Previously, properties could be excluded by setting them to null.
This no longer works and has been replaced with a name-based mechanism:
springBoot {
buildInfo {
excludes = ['time']
}
}The equivalent in the Gradle Kotlin DSL is as follows:
springBoot {
buildInfo {
excludes.set(setOf("time"))
}
}Users that build their Spring Boot project with Maven should review the following section.
The fork attribute of spring-boot:run and spring-boot:start that was deprecated in Spring Boot 2.7 has been removed.
The Git Commit ID Maven Plugin has been updated to version 5 where its coordinates have changed.
The previous coordinates were pl.project13.maven:git-commit-id-plugin.
The new coordinates are io.github.git-commit-id:git-commit-id-maven-plugin.
Any <plugin> declaration in your pom.xml file should be updated accordingly.
The following changes have been made to dependencies managed by Spring Boot.
Dependency management for Apache Johnzon has been removed in favor of Eclipse Yasson. A Jakarta EE 10-compatible version of Apache Johnzon can be used with Spring Boot 3, but you will now have to specify a version in your dependency declaration.
Dependency management for ANTLR 2 (antlr:antlr) has been removed as it was no longer required.
If you are using ANTLR 2 in your application, specify a version that meets your needs.
Dependency management for RxJava 1.x and 2.x has been removed and dependency management for RxJava 3 has been added in its place.
Spring Boot does not depend on Hazelcast Hibernate so it need not have an opinion about its version.

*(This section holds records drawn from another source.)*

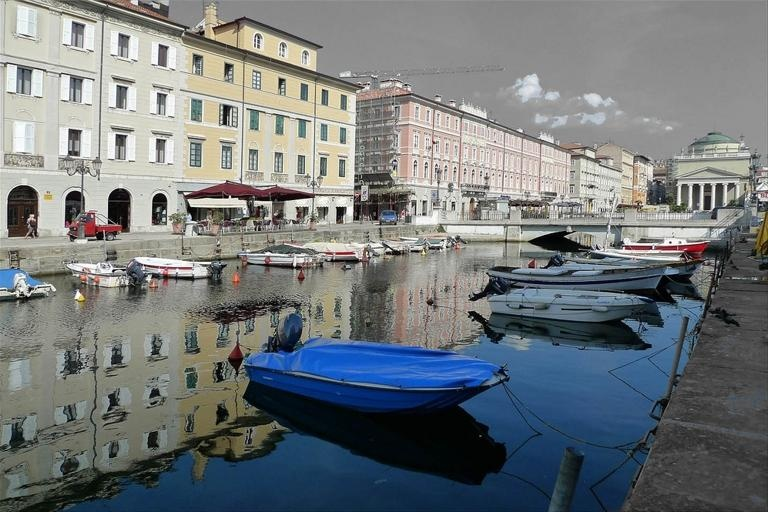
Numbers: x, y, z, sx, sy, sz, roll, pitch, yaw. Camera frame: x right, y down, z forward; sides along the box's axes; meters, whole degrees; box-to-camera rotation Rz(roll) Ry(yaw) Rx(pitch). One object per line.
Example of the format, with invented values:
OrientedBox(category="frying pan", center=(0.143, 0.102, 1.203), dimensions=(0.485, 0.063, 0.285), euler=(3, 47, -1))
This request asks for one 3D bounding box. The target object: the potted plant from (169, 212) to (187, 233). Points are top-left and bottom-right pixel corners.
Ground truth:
OrientedBox(category="potted plant", center=(-14.293, -2.324, 48.636), dimensions=(1.738, 1.662, 1.469), euler=(0, -2, -8))

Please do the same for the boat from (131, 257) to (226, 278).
OrientedBox(category="boat", center=(-11.319, 0.633, 39.003), dimensions=(4.597, 0.922, 1.840), euler=(5, 8, 8))

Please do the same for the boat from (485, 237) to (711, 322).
OrientedBox(category="boat", center=(11.734, 1.177, 38.426), dimensions=(9.735, 2.486, 17.036), euler=(10, 16, 29))

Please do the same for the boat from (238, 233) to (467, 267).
OrientedBox(category="boat", center=(-0.899, -0.381, 52.515), dimensions=(18.361, 2.586, 4.672), euler=(0, 0, -32))

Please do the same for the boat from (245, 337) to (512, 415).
OrientedBox(category="boat", center=(-0.300, 3.799, 22.497), dimensions=(7.978, 2.078, 2.863), euler=(6, 12, 21))

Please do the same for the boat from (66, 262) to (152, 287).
OrientedBox(category="boat", center=(-14.044, 0.927, 36.023), dimensions=(3.917, 1.197, 1.708), euler=(1, 14, -4))

As such, dependency management for Hazelcast Hibernate has been removed.
If you wish to continue using Hazelcast Hibernate, specify a version that meets your needs.
Alternatively, consider using org.hibernate.orm:hibernate-jcache instead.
To support Jakarta EE 9 and later, dependency management for Ehcache’s ehcache and ehcache-transactions modules are now declared with a jakarta classifier.
Dependency declarations in your pom.xml or build.gradle scripts should be similarly updated.